This project will have a profound effect on the public’s enjoyment of and the character of the quiet, natural Bluestone Wild Forest which surrounds it. It is inconsistent in character to the existing natural landscape. Nowhere in the application documents is this addressed.  In fact, in part II of the Environmental Assessment  Form (EAF), the applicant states that the project will have no impact on the aesthetic, visual, or scenic resources, or diminish the public’s enjoyment, of the lands which surround it.


There is great concern that the stormwater pollution prevention plan (“SWPPP”) provided by Applicant fails to fully address potential stormwater and other water quality impacts to the Bluestone Wild Forest’s wetlands, Onteora Lake and Pickerel Pond. Additional concerns relate to the availability and the amount of water that the applicant will use in its manufacturing process and whether the aquifer can support this.  More data is needed.


The Environmental Assessment Form analyzed the aesthetic impacts of the Project primarily from the nearby residential subdivision; as a result, no visual mitigation other than maintenance of the existing trees along the property line has been proposed. A recent tree clearing in 2019 removed some visual buffer near to Pickerel Pond.  Under SEQR there should be proper analysis of the visual impacts of a 240,000 square foot warehouse complex and supporting infrastructure on neighboring land used extensively for public recreational trails.  A study of night lighting also should be delineated as this would greatly impact the neighbors and the species which inhabit the Bluestone Wild Forest.


Construction of the Project will be phased over several years and will potentially include significant amounts of blasting, rock crushing, and numerous tractor trailer trucks in and out of the site and idling. Applicant commissioned H2H Associates to conduct a noise study to identify and evaluate potential impacts from the Project. According to the study, a rock crusher causes sounds of up to 96 decibels at a distance of 100 feet, a distance well within range of the proposed recreational trails on the Addition property. In addition, the developer wants to have rock blasting approved for four years.

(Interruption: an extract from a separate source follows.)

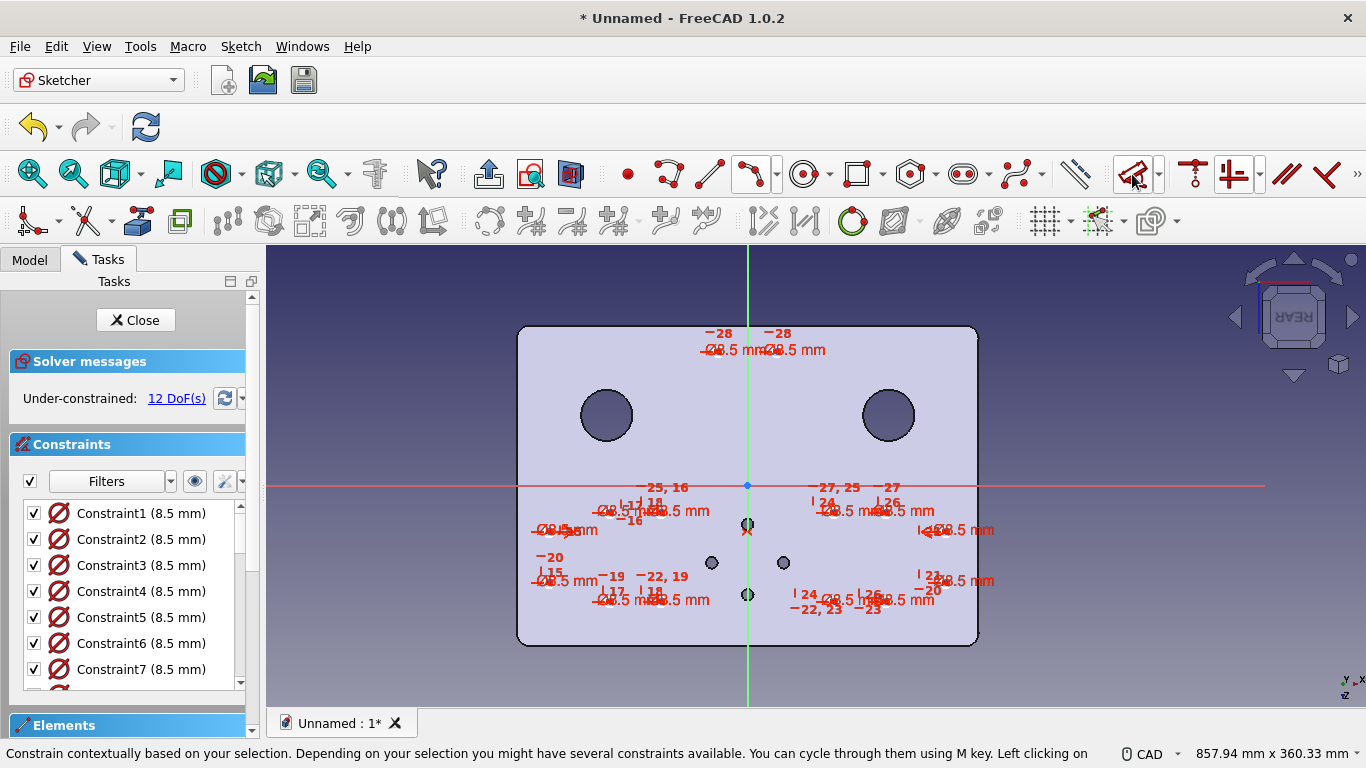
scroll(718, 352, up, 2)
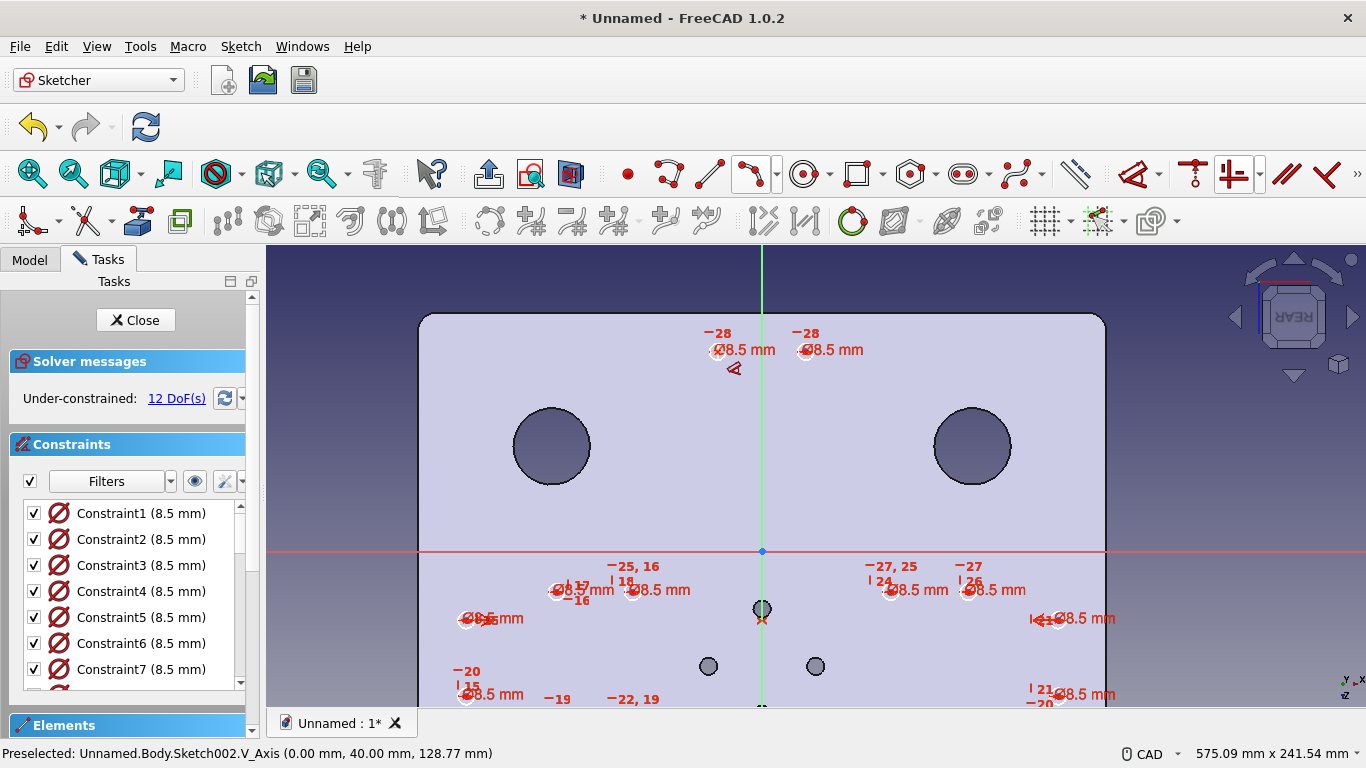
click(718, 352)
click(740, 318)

According to the analysis submitted by Applicant’s consultant, Creighton Manning Engineering, the proposed plant will receive numerous truckloads in steel and concrete deliveries per day. Outbound loads with finished product will generate another 20 truck trips per day. When employee transportation is accounted for, approximately 121 new vehicles will enter and exit the property on an already busy stretch of Route 28 during peak traffic hours in the morning and evening.